19. The Elusive Cow Café: Lamb Burger, $11.50
(2010 ranking: Not ranked)
This Bellevue burger bar takes pride in its meat—whether it’s beef, lamb, bison, or turkey. The generous and juicy hand-pattied lamb burger arrives on a Sixteen Bricks brioche-style bun piled high with LTO. Additional options—artichoke hearts, bacon, and avocado, for example—are available for a surcharge. Don’t get too caught up on extra toppings; you’ll want to save room for the organic cornmeal-crusted onion rings. Then prepare to slip silently into a deep food coma. 519 Fairfield Ave., Bellevue, (859) 291-0269,

20. The Echo: Cheeseburger, $6
(2010 ranking: Not ranked)
Eating at The Echo is much like pulling up a chair at Grandma’s: Don’t expect ironic innovation or heirloom anything; do expect a genuinely warm reception and American staples prepared with love. Their $6 hand-packed cheeseburger is the kind of classic griddle goodness that you’ll want to consume at the counter. The toppings may be standard, but the bun is always tender and the accompanying tartar sauce is a hometown tradition. 3510 Edwards Rd., Hyde Park, (513) 321-2816,

Editor’s note: BrewRiver GastroPub has been renamed Brewriver Creole Kitchen.
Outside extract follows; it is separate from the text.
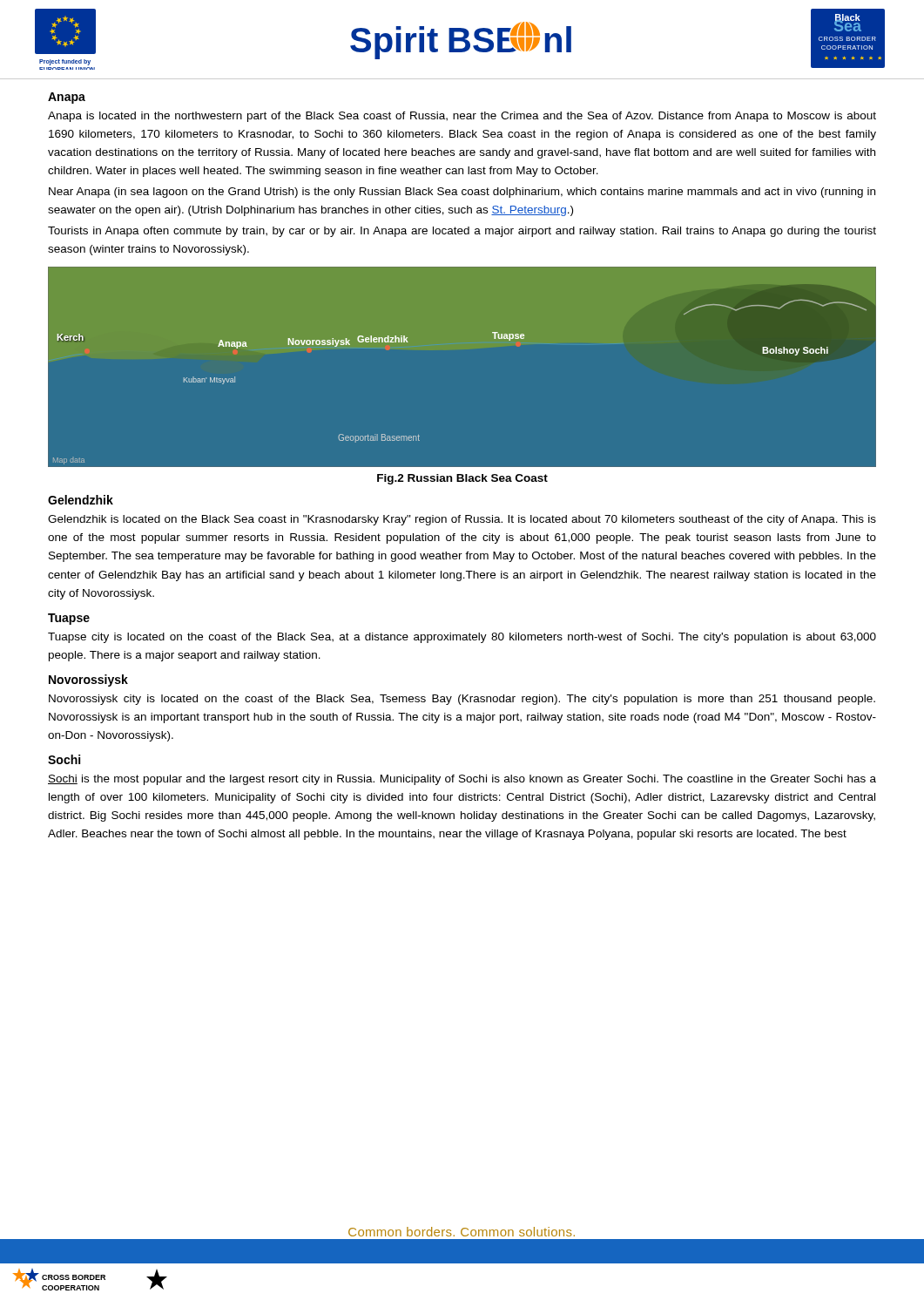Click the passage that begins "Sochi is the most"
This screenshot has width=924, height=1307.
point(462,806)
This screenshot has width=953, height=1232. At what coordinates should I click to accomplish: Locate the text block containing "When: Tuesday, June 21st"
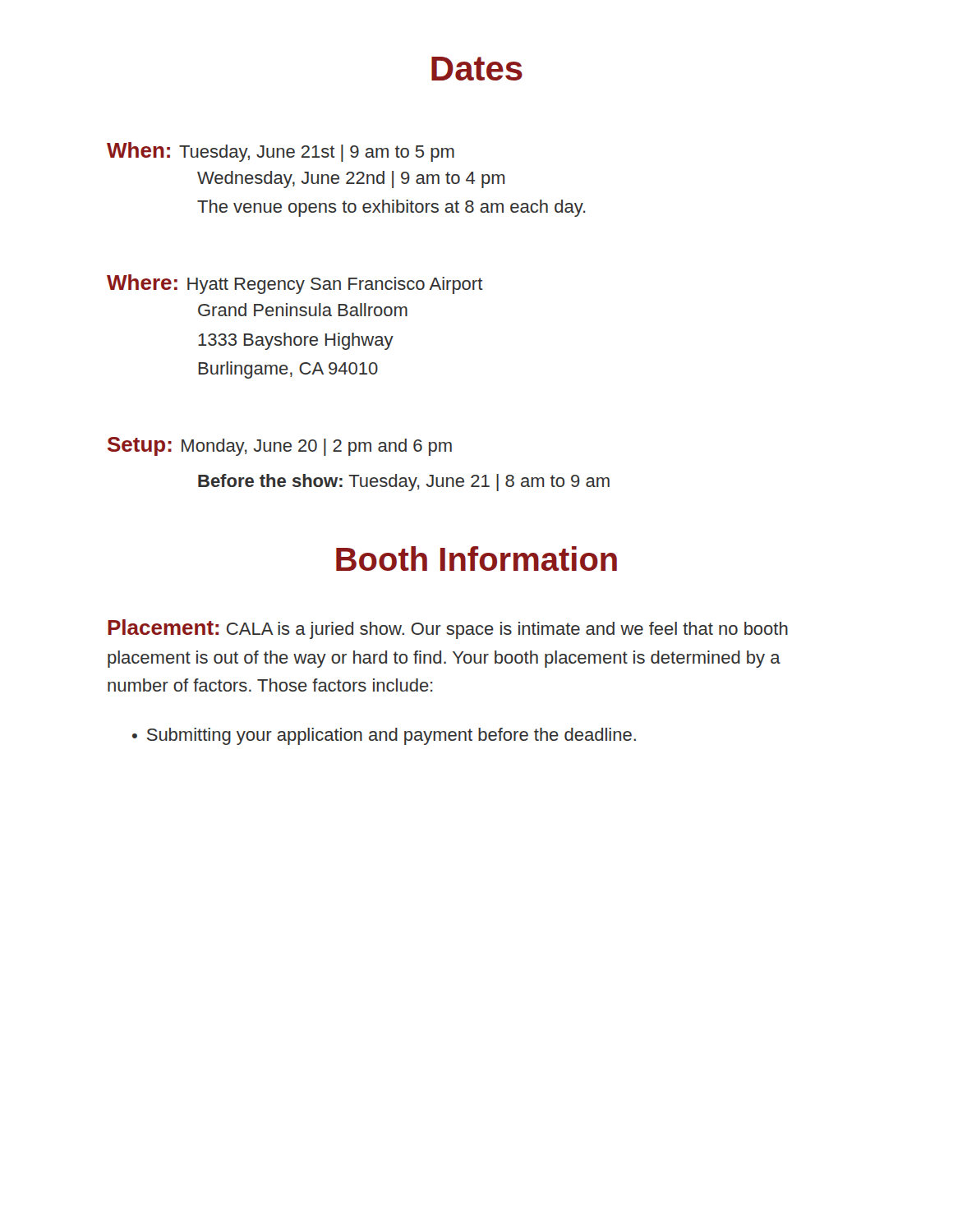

21. BrewRiver GastroPub: The Natchez, $14
(2010 Ranking: Not ranked)
Ah, the Natchez. Such a handsome burger. It’s a pity we had to destroy it. A half-pound of moist, crumbly, house-smoked meat dressed to accentuate its verticality: a stack of frizzled red onion straws, Ohio blue cheese, and sriracha aioli enveloped in a magnificently light and chewy bun (thanks, Sixteen Bricks).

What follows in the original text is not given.